|
|
|
|
|
by walrus01
2 hours ago
|
|
I have already seen a number of people doing the math on what it would take for hardware to self host a Q8XL quantization of GLM5.2 shared between N numbers of people. There's additional advantages that everything you query, all of your context cache and everything it outputs stays private and can't be arbitrarily turned off by external interference. Personally I think it would be a fairly good bet that something with the 1TB of RAM needed to properly self-host GLM5.2 will still be a very usable piece of hardware in 4 to 5 years from now. There will be even larger, newer models available, sure.
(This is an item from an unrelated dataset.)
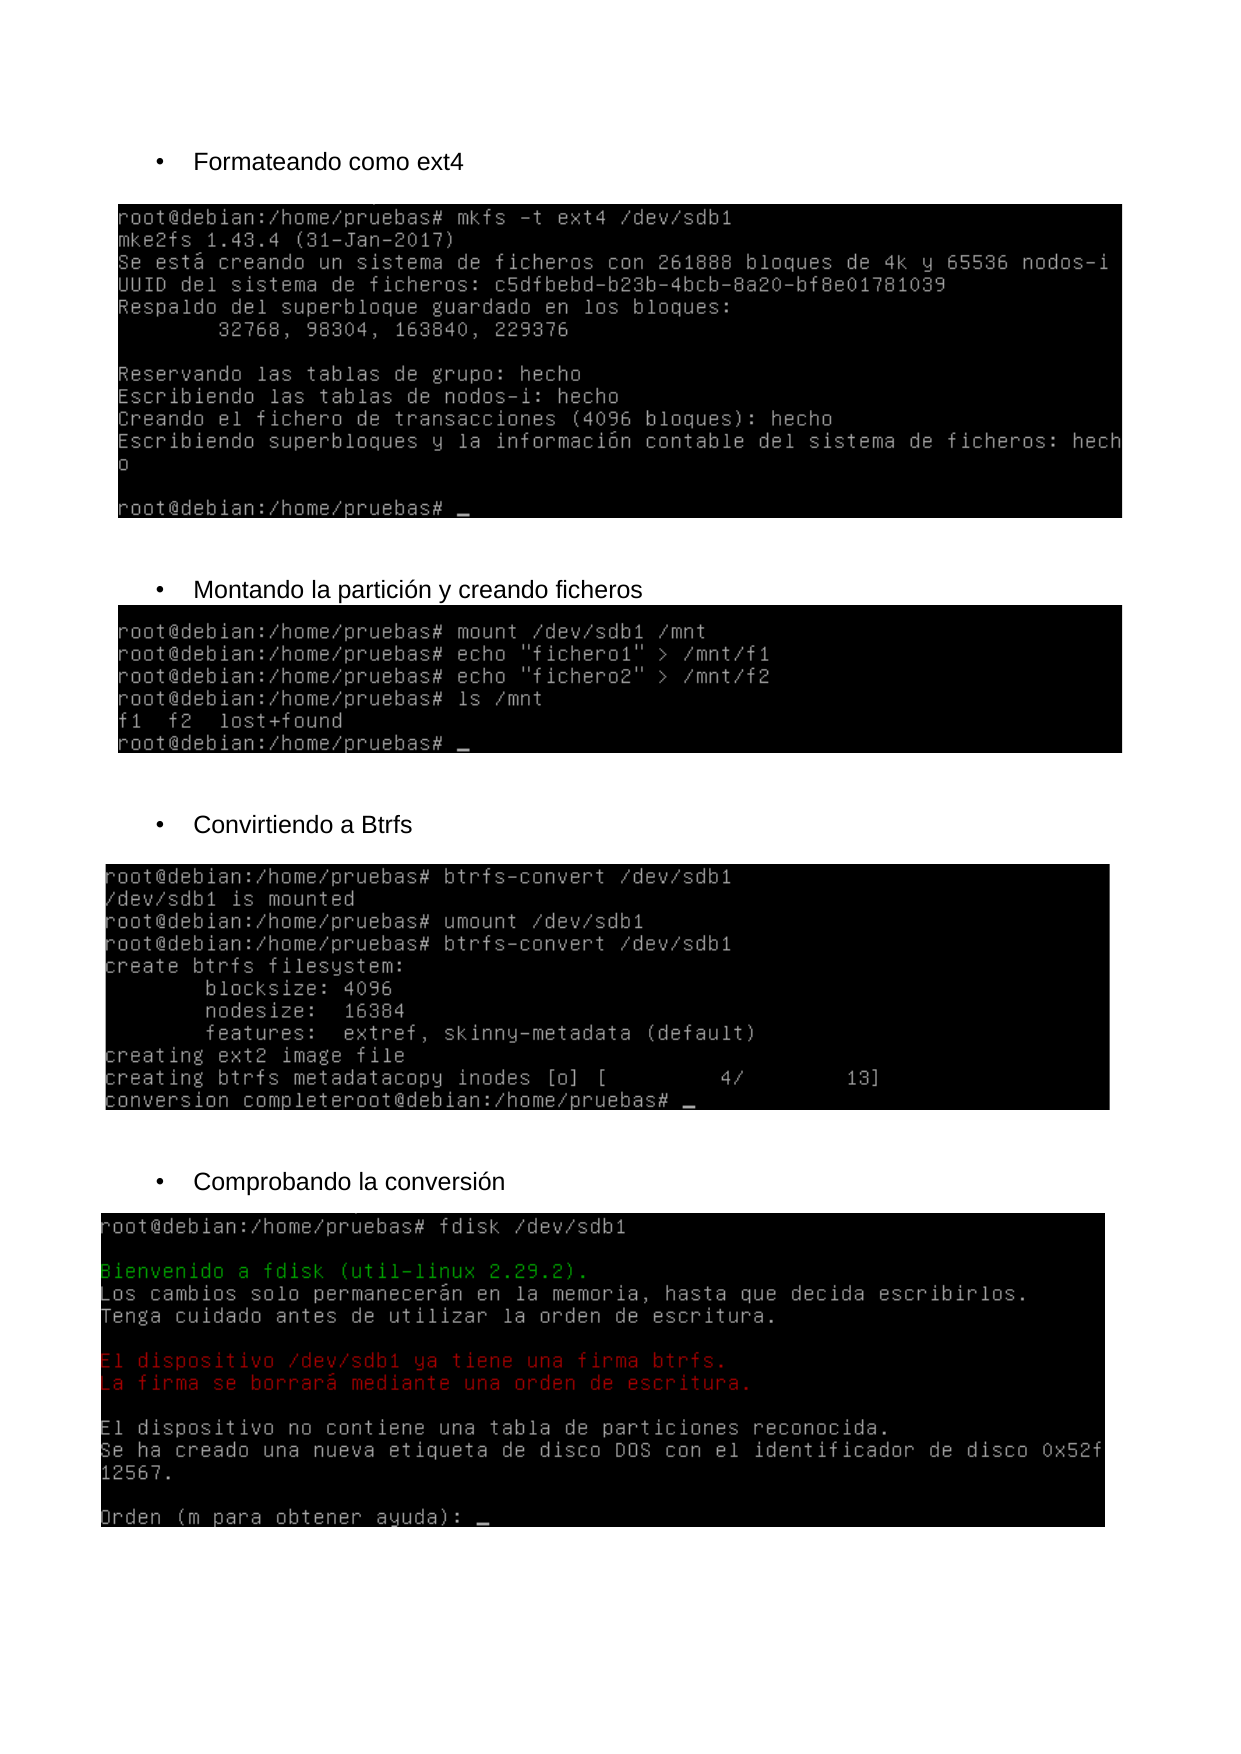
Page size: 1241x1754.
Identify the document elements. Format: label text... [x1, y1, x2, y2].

But there will also be better models that continue to fit in the same size. |
|
So you could see small LLM co-operatives working out, yeah.
But my thinking is that this four-to-five-year scenario just won't come to fruition, because the whole concept of needing to run these massive, massive models will slightly more likely be rendered moot by smaller models with better reasoning capacity, and possibly even in that timescale by hardware innovations.
One of the biggest problems I have with the whole "we won't be profitable until 2030" model is that 2030 is almost exactly as far into the future as the launch of ChatGPT is in the past, and in that time, models far more capable than that first ChatGPT have been made available to freely download and run on desktop hardware that existed before it launched, and the entire non-model surrounding functionality of that original ChatGPT plus many more functions is now not much more than a routine weekend coding project.
I don't know why the market would entertain the idea that no upset like that is possible in the same period of time again.